Lanškroun Ponds Nature Park is located mostly in the municipal territory of Lanškroun, northwestern of the town. The nature park also extends into the territory of municipalities Ostrov and Rudoltice.

==Description==
The nature park has an area of 243 ha, out of which 45 ha are the ponds.

The nature park is formed by set of seven fish ponds on the Ostrovský Stream and their surroundings: Krátký, Dlouhý, Olšový, Pšeničkův, Plockův, Slunečný and Ostrovský. Part of the nature park is also the area around the Zadní Stream which flows in the territory into the Ostrovský Stream. The northernmost ponds, Pšeničkův and Olšový, and the closest area around the Zadní Stream are protected as a nature reserve.

==History==
The history of pond farming started here in 1433. Dlouhý pond was founded before 1464 as the first pond in the set.
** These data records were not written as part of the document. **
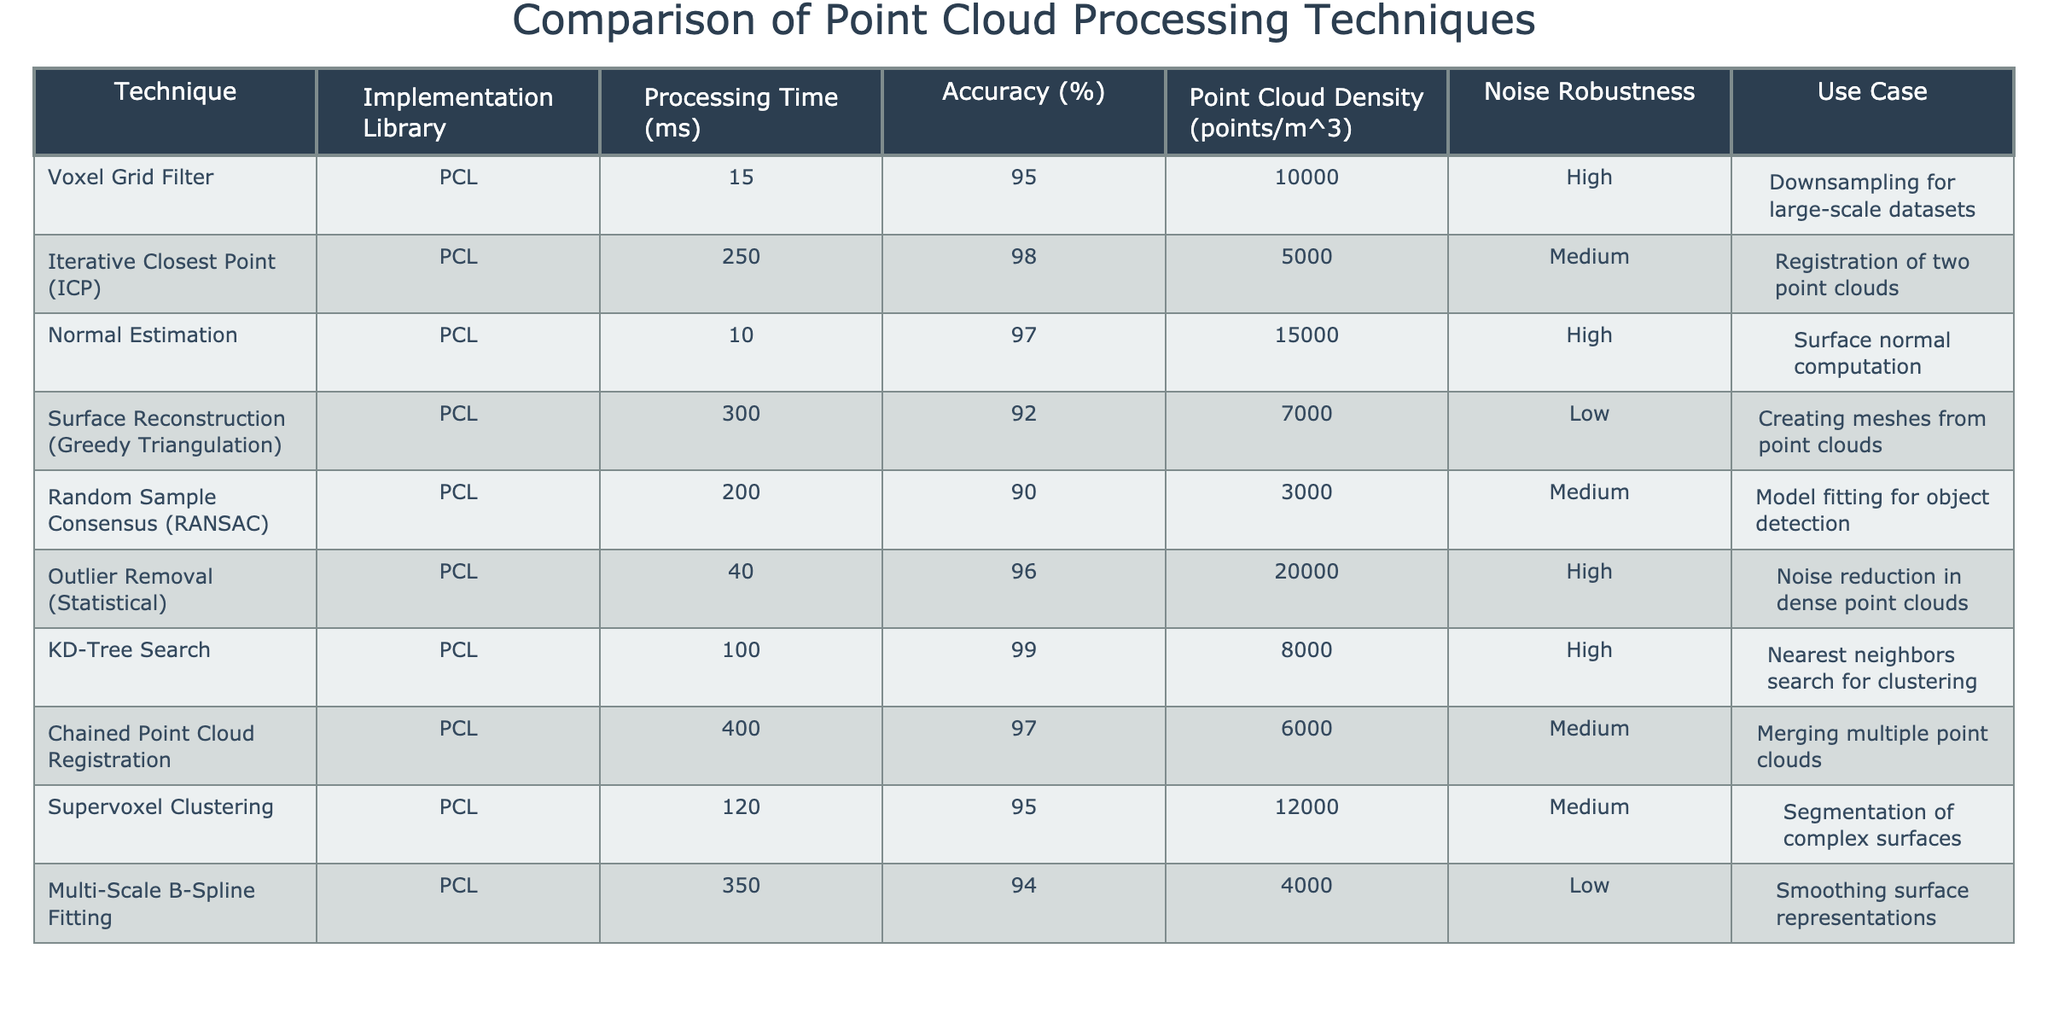What is the processing time of the Voxel Grid Filter? The Voxel Grid Filter technique has a processing time of 15 milliseconds, which is listed in the table under the "Processing Time (ms)" column.
Answer: 15 ms Which point processing technique has the highest accuracy? The Iterative Closest Point (ICP) technique has the highest accuracy at 98%, as seen in the "Accuracy (%)" column.
Answer: 98% Is the Surface Reconstruction technique more or less noise robust compared to the KD-Tree Search? The Surface Reconstruction (Greedy Triangulation) technique has low noise robustness, while the KD-Tree Search technique has high noise robustness. Therefore, the Surface Reconstruction technique is less noise robust.
Answer: Less What is the average Point Cloud Density for techniques with high noise robustness? The techniques with high noise robustness are Voxel Grid Filter, Normal Estimation, Outlier Removal, and KD-Tree Search. Their densities are 10000, 15000, 20000, and 8000 respectively. The average is (10000 + 15000 + 20000 + 8000) / 4 = 13250 points/m^3.
Answer: 13250 points/m^3 Which technique has the longest processing time and what is that time? The Chained Point Cloud Registration technique has the longest processing time at 400 milliseconds, as listed in the "Processing Time (ms)" column.
Answer: 400 ms True or False: The Random Sample Consensus technique has a higher accuracy than the Outlier Removal technique. The accuracy for Random Sample Consensus is 90% and for Outlier Removal, it is 96%. Since 90% is less than 96%, the statement is false.
Answer: False How many techniques have an accuracy of 95% or higher? The techniques with 95% or higher accuracy are Voxel Grid Filter (95%), ICP (98%), Normal Estimation (97%), Outlier Removal (96%), KD-Tree Search (99%), and Supervoxel Clustering (95%). That totals to 6 techniques.
Answer: 6 What technique has a Point Cloud Density of 3000 points/m^3 and what is its processing time? The Random Sample Consensus technique has a Point Cloud Density of 3000 points/m^3, and its processing time is 200 milliseconds, which can be found under the respective columns in the table.
Answer: 200 ms Which technique is best suited for deep surface noise reduction, based on robustness against noise? The Outlier Removal (Statistical) technique is best suited for deep surface noise reduction as it is indicated to be highly robust against noise.
Answer: Outlier Removal (Statistical) What is the total processing time of the techniques with low robustness? The techniques with low noise robustness are Surface Reconstruction (Greedy Triangulation) and Multi-Scale B-Spline Fitting, with respective processing times of 300 ms and 350 ms. The total processing time is 300 + 350 = 650 milliseconds.
Answer: 650 ms 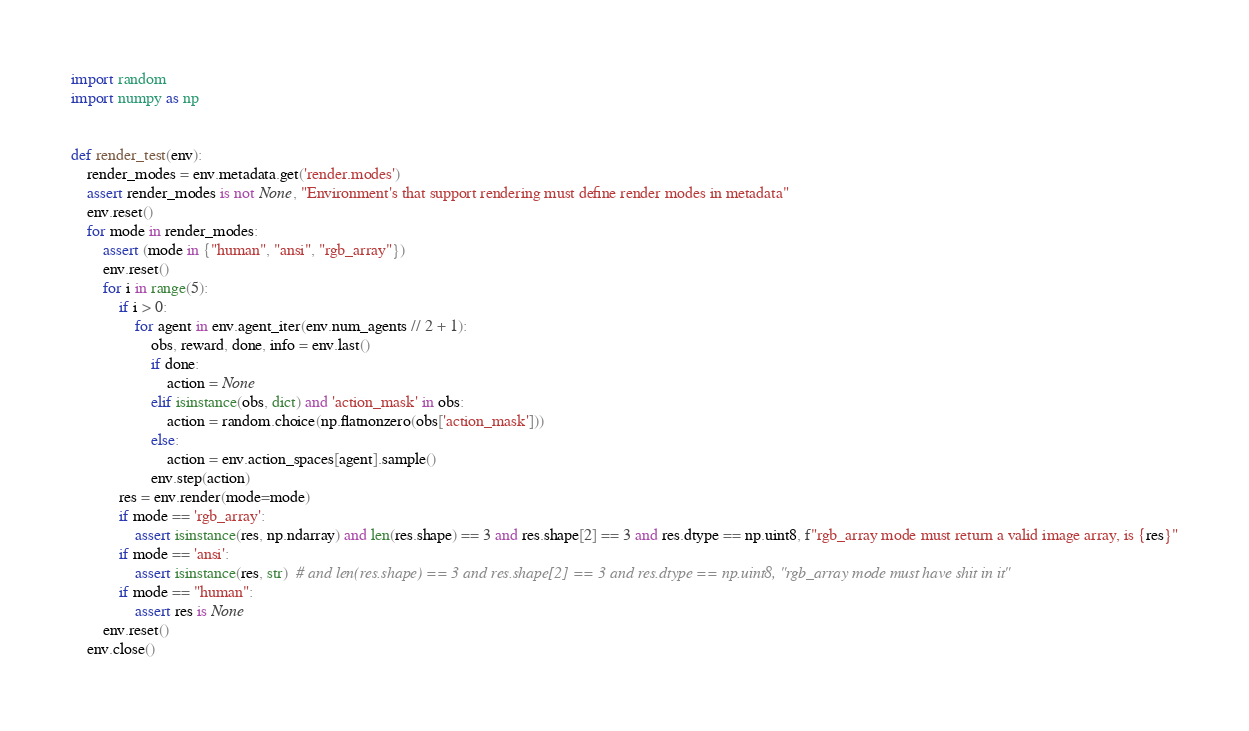<code> <loc_0><loc_0><loc_500><loc_500><_Python_>import random
import numpy as np


def render_test(env):
    render_modes = env.metadata.get('render.modes')
    assert render_modes is not None, "Environment's that support rendering must define render modes in metadata"
    env.reset()
    for mode in render_modes:
        assert (mode in {"human", "ansi", "rgb_array"})
        env.reset()
        for i in range(5):
            if i > 0:
                for agent in env.agent_iter(env.num_agents // 2 + 1):
                    obs, reward, done, info = env.last()
                    if done:
                        action = None
                    elif isinstance(obs, dict) and 'action_mask' in obs:
                        action = random.choice(np.flatnonzero(obs['action_mask']))
                    else:
                        action = env.action_spaces[agent].sample()
                    env.step(action)
            res = env.render(mode=mode)
            if mode == 'rgb_array':
                assert isinstance(res, np.ndarray) and len(res.shape) == 3 and res.shape[2] == 3 and res.dtype == np.uint8, f"rgb_array mode must return a valid image array, is {res}"
            if mode == 'ansi':
                assert isinstance(res, str)  # and len(res.shape) == 3 and res.shape[2] == 3 and res.dtype == np.uint8, "rgb_array mode must have shit in it"
            if mode == "human":
                assert res is None
        env.reset()
    env.close()
</code> 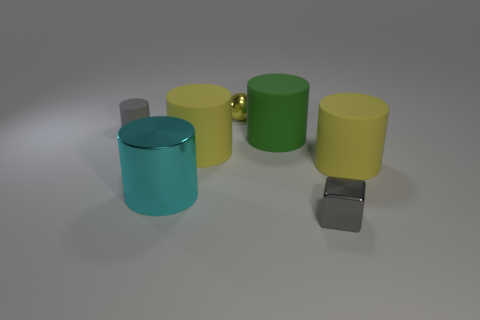Subtract all gray cylinders. How many cylinders are left? 4 Add 1 gray metal cylinders. How many objects exist? 8 Subtract all green cylinders. How many cylinders are left? 4 Subtract all red blocks. How many green cylinders are left? 1 Subtract all gray matte things. Subtract all gray cubes. How many objects are left? 5 Add 2 small things. How many small things are left? 5 Add 5 large shiny things. How many large shiny things exist? 6 Subtract 0 cyan balls. How many objects are left? 7 Subtract all blocks. How many objects are left? 6 Subtract 1 balls. How many balls are left? 0 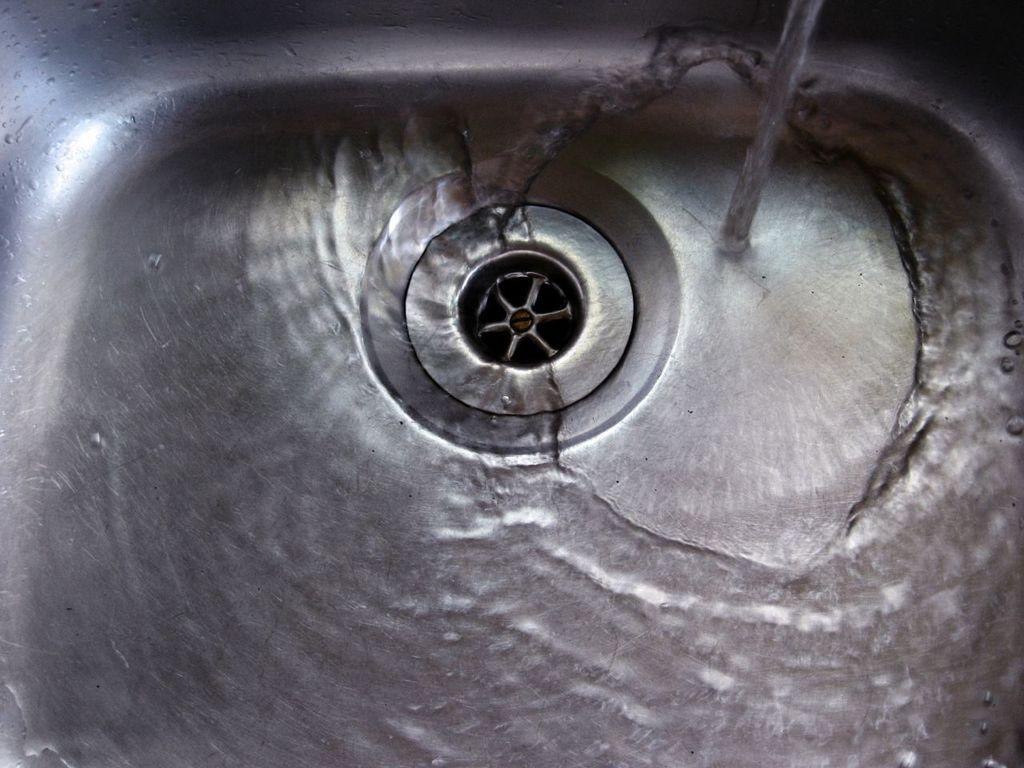Please provide a concise description of this image. The picture consists of a sink, in the sink there is water. At the top there is water flowing. 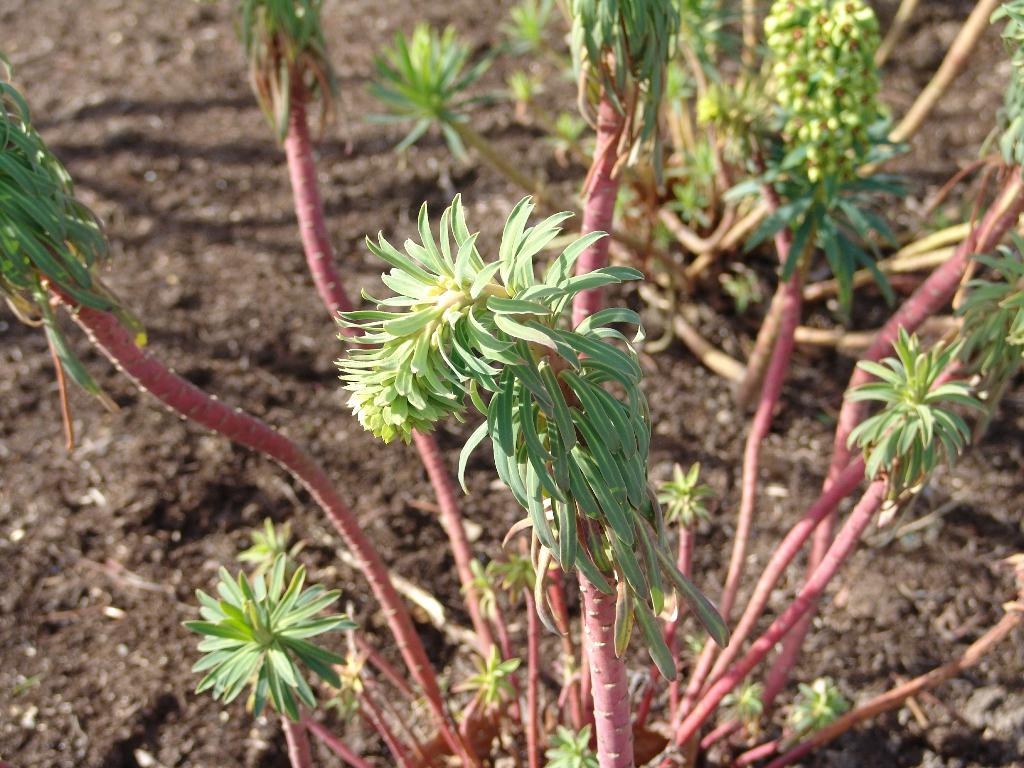What type of living organisms can be seen in the image? Plants can be seen in the image. What color are the leaves of the plants in the image? The leaves of the plants in the image have a green color. What color are the stems of the plants in the image? The stems of the plants in the image have a pink color. What can be seen at the bottom of the image? Mud is visible at the bottom of the image. What type of hill can be seen in the image? There is no hill present in the image; it features plants with green leaves and pink stems. Can you tell me the name of the manager of the goose in the image? There is no goose or manager present in the image; it only contains plants with green leaves and pink stems. 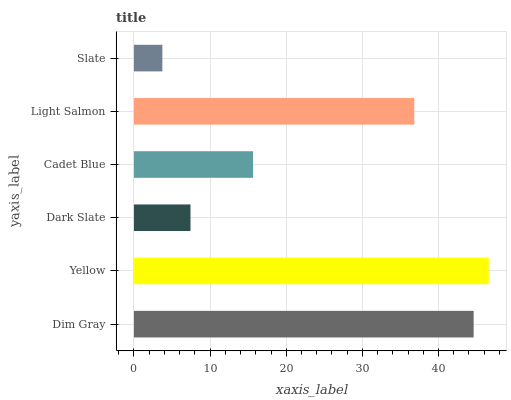Is Slate the minimum?
Answer yes or no. Yes. Is Yellow the maximum?
Answer yes or no. Yes. Is Dark Slate the minimum?
Answer yes or no. No. Is Dark Slate the maximum?
Answer yes or no. No. Is Yellow greater than Dark Slate?
Answer yes or no. Yes. Is Dark Slate less than Yellow?
Answer yes or no. Yes. Is Dark Slate greater than Yellow?
Answer yes or no. No. Is Yellow less than Dark Slate?
Answer yes or no. No. Is Light Salmon the high median?
Answer yes or no. Yes. Is Cadet Blue the low median?
Answer yes or no. Yes. Is Slate the high median?
Answer yes or no. No. Is Slate the low median?
Answer yes or no. No.

The last was founded Slunečný pond in 1965. The nature park was established in 1990.

==Use==
The nature park was established as a place for relaxation and sports activities, and also for biological and aesthetic preservation. Krátky and Slunečný are used for fishing. Dlouhý is the largest pond and is used for recreational purposes. It is a natural swimming pool with the possibility of yachting and windsurfing. An educational path leads through the nature park.

==Protection==
The area of Lanškroun Ponds is an important nesting place for migratory birds. The common snipe, little bittern, white and black stork, water rail, osprey, great reed warbler and many duck species are among the endangered birds who nest in the area. The area is also home to European crayfish, alpine newt, European and green toad, European tree frog and other species of amphibians. The flora is typical for damp areas and includes the yellow iris, white water lilly, western marsh orchid, spring snowflake and other species.